The researchers describe a series of studies, the first of which featured 273 adult men recruited online. Participants began by completing a questionnaire regarding their “concerns about being criticized, or negatively judged, by others.” Statements such as “I am frequently afraid of people noticing my shortcomings” were evaluated on a scale of one (“not at all characteristic of me”) to five (“extremely characteristic of me”).
After filling out similar surveys measuring self-esteem and narcissism, participants read “10 brief scenarios in which a male protagonist has the power to sexually exploit a female subordinate with impunity.”
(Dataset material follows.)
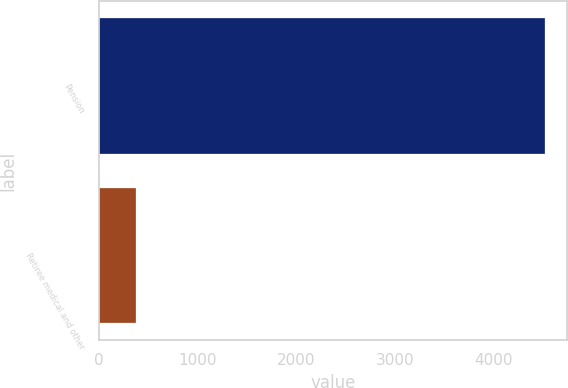Convert chart to OTSL. <chart><loc_0><loc_0><loc_500><loc_500><bar_chart><fcel>Pension<fcel>Retiree medical and other<nl><fcel>4515<fcel>374<nl></chart>

A typical one featured a job interview in which they imagined themselves in the role of an executive who interviewed an attractive woman for a job, and had the opportunity to ask her for sexual favors in exchange for a recommendation. For each vignette, the men rated the likelihood they would engage in the predatory or harassing behavior on a one-to-five scale.
The key result: Those who were fearful of being judged as inadequate were more likely to endorse the bad behavior. This suggests “sexual harassment may not only come from a place of entitlement, but also from a place of insecurity,” the researchers write.
A follow-up study was similarly structured, except that it included 107 women along with 90 men. (All read scenarios in which they held power over people of the opposite sex.) For men, the researchers replicated the results of the first survey, but they found no such pattern for women.
The findings “provide support for the theory that powerful men are especially inclined to sexually harass to the extent that they worry their incompetence will be uncovered by others,” the researchers write. These results, along with those of the aforementioned 2017 study, suggest “sexual harassment is triggered by a mismatch between one’s current state of power (or lack thereof) and one’s feelings.”
Halper and Rios argue that, if companies want to get at the roots of this behavior, they should work toward creating a culture that does not foster feelings of insecurity. Their work suggests women are less likely to endure harassment if they work for organizations where the men are secure in their status.